Species of scorpion endemic to Romania

Euscorpius carpathicus is a species of scorpion endemic to the Romanian Carpathians. It is the type species of the genus Euscorpius.

== Taxonomy ==
Numerous species were previously identified as part of the Escorpius carpathicus species complex and were later clarified to a number of distinct species, including Euscorpius tergestinus and Euscorpius sicanus. However mitochondrial DNA-based phylogenetics identified these as separate species in 2003. Since then, Euscorpius carpathicus has been identified as an endemic species of Romania with a substantially more limited range.

== Distribution ==
The range of Euscorpius carpathicus is limited to the Carpathians and further fragmented into three isolated areas: the western portion of the Southern Carpathians (also known as the Banat Mountains), the Olt River gorge inside Cozia National Park, and the Buzău Mountains.
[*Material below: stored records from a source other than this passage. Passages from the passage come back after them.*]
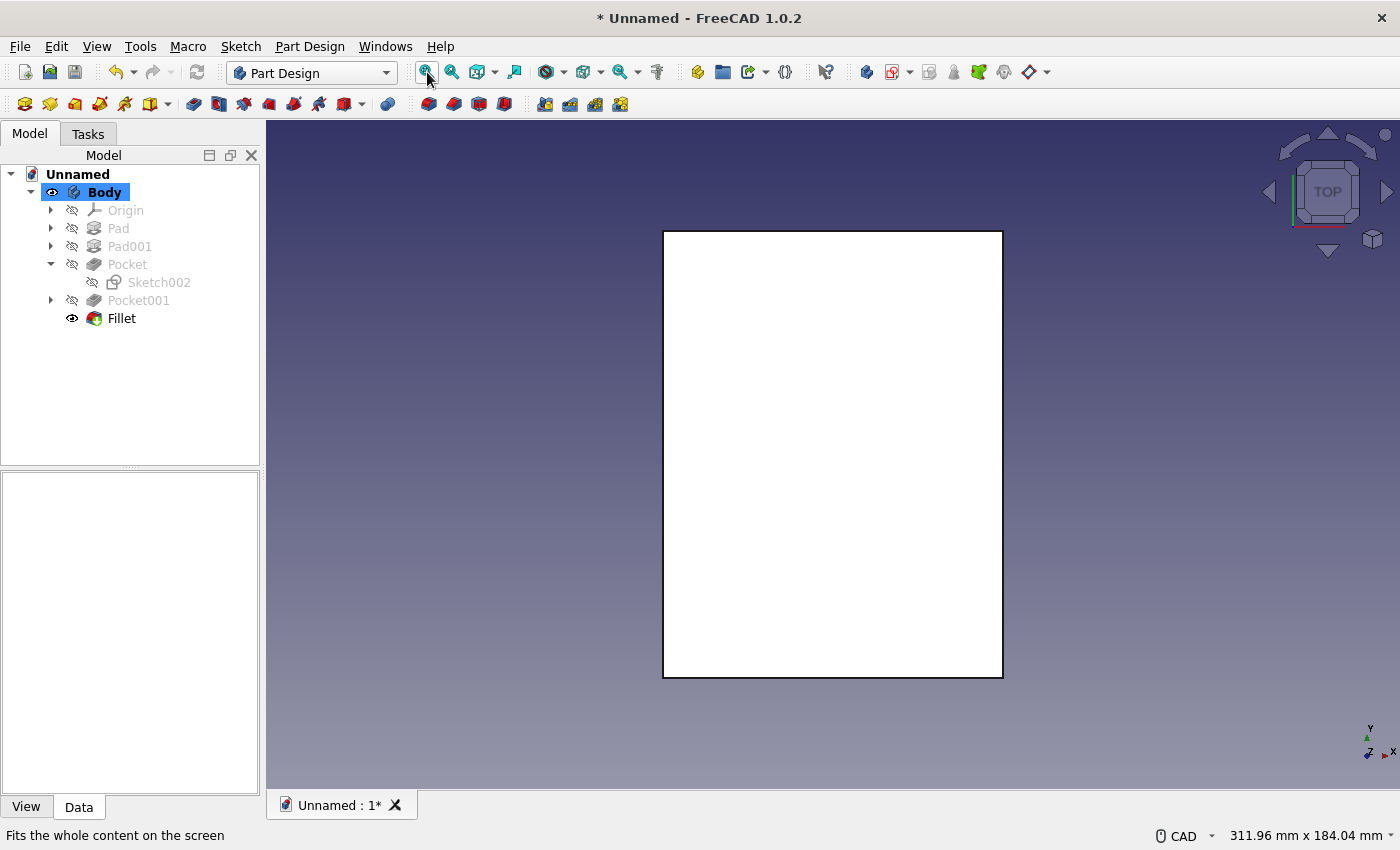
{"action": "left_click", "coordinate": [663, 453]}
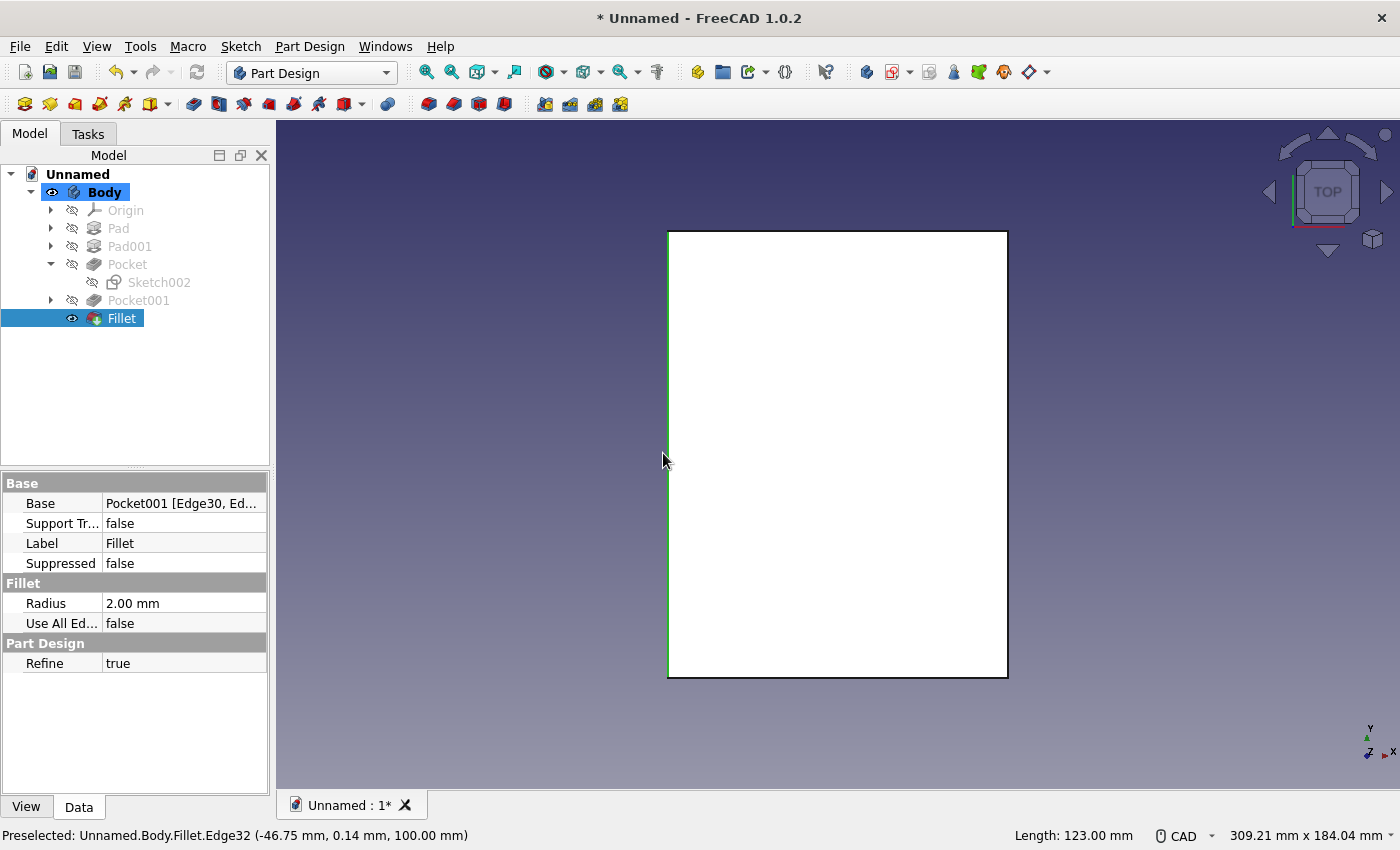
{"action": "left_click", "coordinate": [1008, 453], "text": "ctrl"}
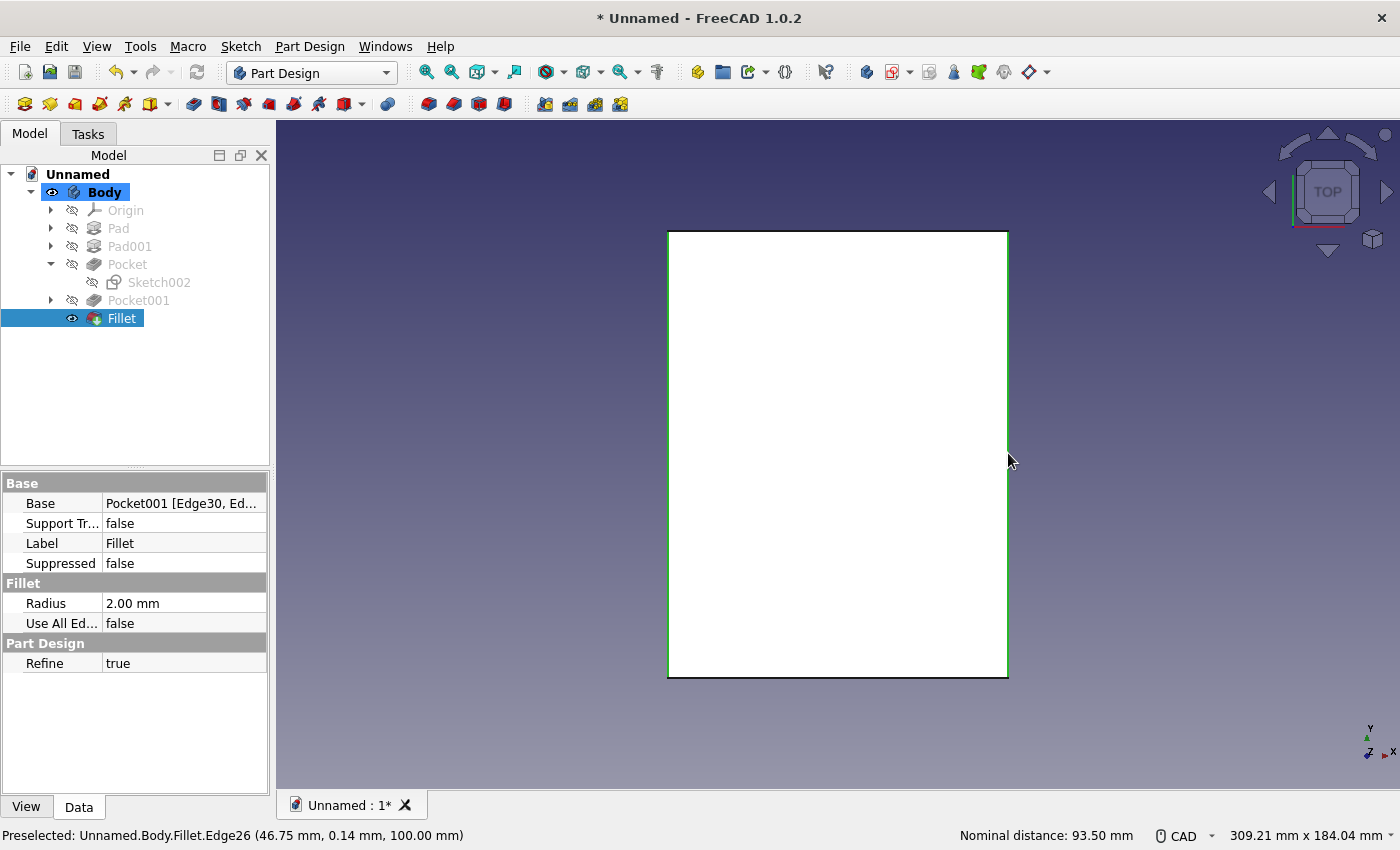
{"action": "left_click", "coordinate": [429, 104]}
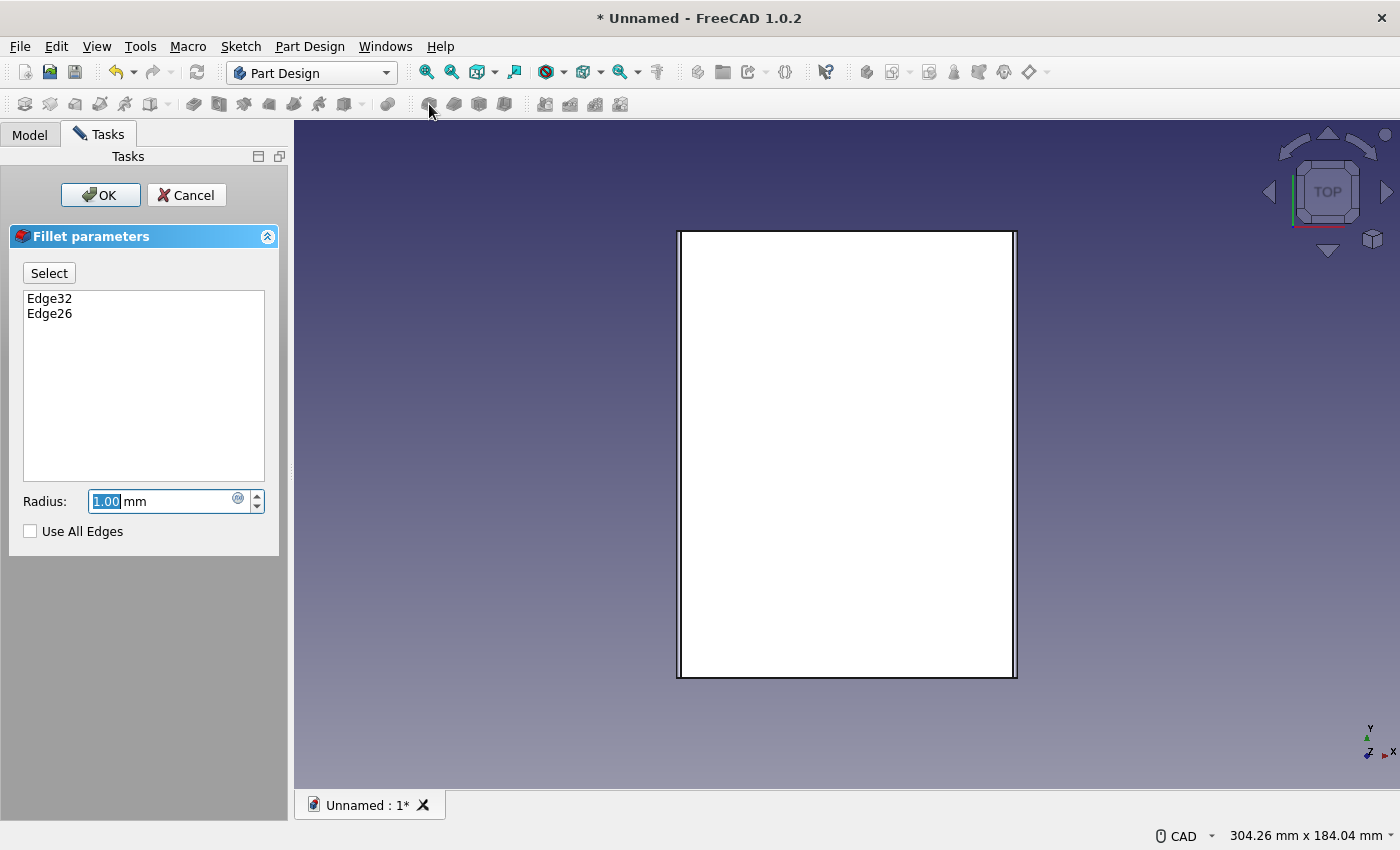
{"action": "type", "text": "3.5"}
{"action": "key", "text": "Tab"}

It is likely that the fragmentation of these areas is due to deforestation. The upper altitude of its range is believed to be 450 meters.

The clay substratum in riparian areas of the Carpathians is believed to be important for Euscorpius carpathicus to survive the winters as it burrows into cracks and holes, as is common in other Euscorpius species. Euscorpius carpathicus is also found overwintering in areas with bush cover that create warmer microclimates in river valleys.